🤖 AI Summary
This work addresses the limitations of existing World Action Models (WAMs), which struggle to meet real-time control requirements due to multi-step denoising and fail to bridge the distributional and noise-scheduling discrepancies between video and action modalities through conventional single-modality distillation. To overcome these challenges, the authors propose a modality-aware single-step distillation framework that introduces, for the first time, modality-specific consistency functions for multimodal diffusion models: linear gradient scaling for the action stream and variance-preserving parameterization for the video stream, both integrated into the LingBot-VA architecture. Evaluated on RoboTwin 2.0, the method reduces inference latency from 8.1 seconds to 348 milliseconds—a 23× speedup—while maintaining a simulation task success rate above 85.5% and achieving an average real-world robot success rate of 60%, substantially outperforming baseline approaches.
📝 Abstract
World-action models (WAMs) jointly generate future video and robot actions through iterative diffusion, achieving strong performance on manipulation benchmarks but requiring tens of denoising steps, a cost that precludes real-time control. Step distillation has emerged as the natural remedy, but off-the-shelf methods break down in the joint video-action setting because video and action streams use different SNR-shifted noise schedules and reach training with substantially different marginal noise distributions, an asymmetry that single-modality distillation methods cannot accommodate. We introduce \textbf{Flash-WAM}, a modality-aware step-distillation framework inspired by consistency distillation that selects the consistency function for each modality to match its noise regime: a linear-gradient-scaling parametrization for the action stream's low-noise regime, paired with a variance-preserving parametrization for the video stream's high-noise regime, grounded in a structural analysis of the consistency-function family that characterizes the achievable gradient scaling under the consistency boundary condition.

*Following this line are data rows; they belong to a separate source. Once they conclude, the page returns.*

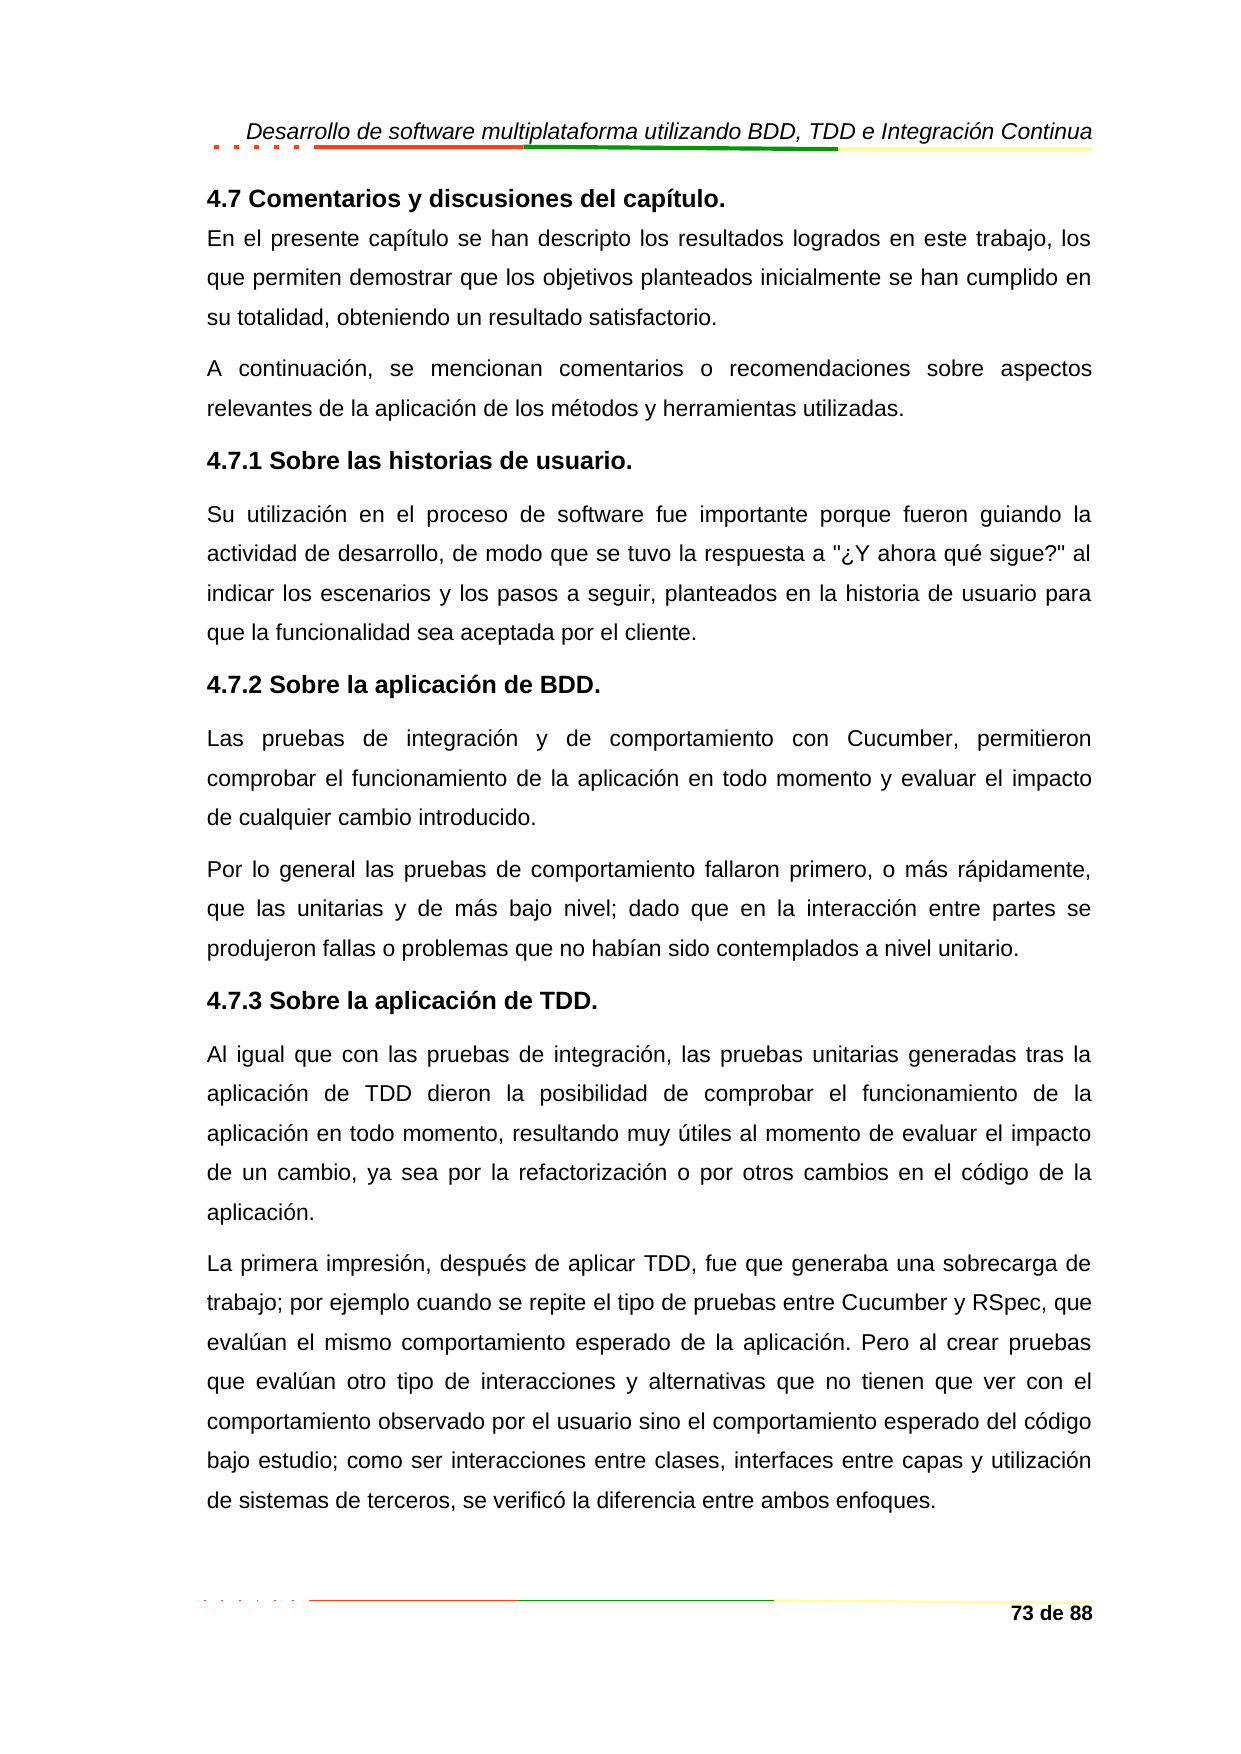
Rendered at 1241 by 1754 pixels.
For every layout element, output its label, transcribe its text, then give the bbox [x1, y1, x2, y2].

list Al igual que con las pruebas de integración, las pruebas unitarias generadas tras la aplicación de TDD dieron la posibilidad de comprobar el funcionamiento de la aplicación en todo momento, resultando muy útiles al momento de evaluar el impacto de un cambio, ya sea por la refactorización o por otros cambios en el código de la aplicación. [207, 1041, 1093, 1225]
list 4.7.2 Sobre la aplicación de BDD. [207, 670, 1093, 699]
subtitle 4.7 Comentarios y discusiones del capítulo. [207, 184, 1093, 212]
list 4.7.3 Sobre la aplicación de TDD. [207, 986, 1093, 1014]
list Su utilización en el proceso de software fue importante porque fueron guiando la actividad de desarrollo, de modo que se tuvo la respuesta a "¿Y ahora qué sigue?" al indicar los escenarios y los pasos a seguir, planteados en la historia de usuario para que la funcionalidad sea aceptada por el cliente. [207, 501, 1093, 646]
list Por lo general las pruebas de comportamiento fallaron primero, o más rápidamente, que las unitarias y de más bajo nivel; dado que en la interacción entre partes se produjeron fallas o problemas que no habían sido contemplados a nivel unitario. [207, 856, 1093, 961]
list Las pruebas de integración y de comportamiento con Cucumber, permitieron comprobar el funcionamiento de la aplicación en todo momento y evaluar el impacto de cualquier cambio introducido. [207, 725, 1093, 831]
list A continuación, se mencionan comentarios o recomendaciones sobre aspectos relevantes de la aplicación de los métodos y herramientas utilizadas. [207, 355, 1093, 421]
list 4.7.1 Sobre las historias de usuario. [207, 446, 1093, 474]
list En el presente capítulo se han descripto los resultados logrados en este trabajo, los que permiten demostrar que los objetivos planteados inicialmente se han cumplido en su totalidad, obteniendo un resultado satisfactorio. [207, 225, 1093, 330]
list La primera impresión, después de aplicar TDD, fue que generaba una sobrecarga de trabajo; por ejemplo cuando se repite el tipo de pruebas entre Cucumber y RSpec, que evalúan el mismo comportamiento esperado de la aplicación. Pero al crear pruebas que evalúan otro tipo de interacciones y alternativas que no tienen que ver con el comportamiento observado por el usuario sino el comportamiento esperado del código bajo estudio; como ser interacciones entre clases, interfaces entre capas y utilización de sistemas de terceros, se verificó la diferencia entre ambos enfoques. [207, 1250, 1093, 1513]

Instantiated on LingBot-VA, Flash-WAM compresses inference to a single step in each modality. On RoboTwin 2.0, this reduces per-chunk latency from $8.1$ seconds to $348$ ms on NVIDIA L40S, a $23{\times}$ speedup that enables real-time inference. Flash-WAM preserves task success on simulation benchmarks ($85.5\%$ RoboTwin 2.0, $95.7\%$ LIBERO) and substantially recovers real-world performance ($60\%$ average on a Unitree G1 humanoid robot), while naive consistency distillation drops to $24\%$ at the same step budget.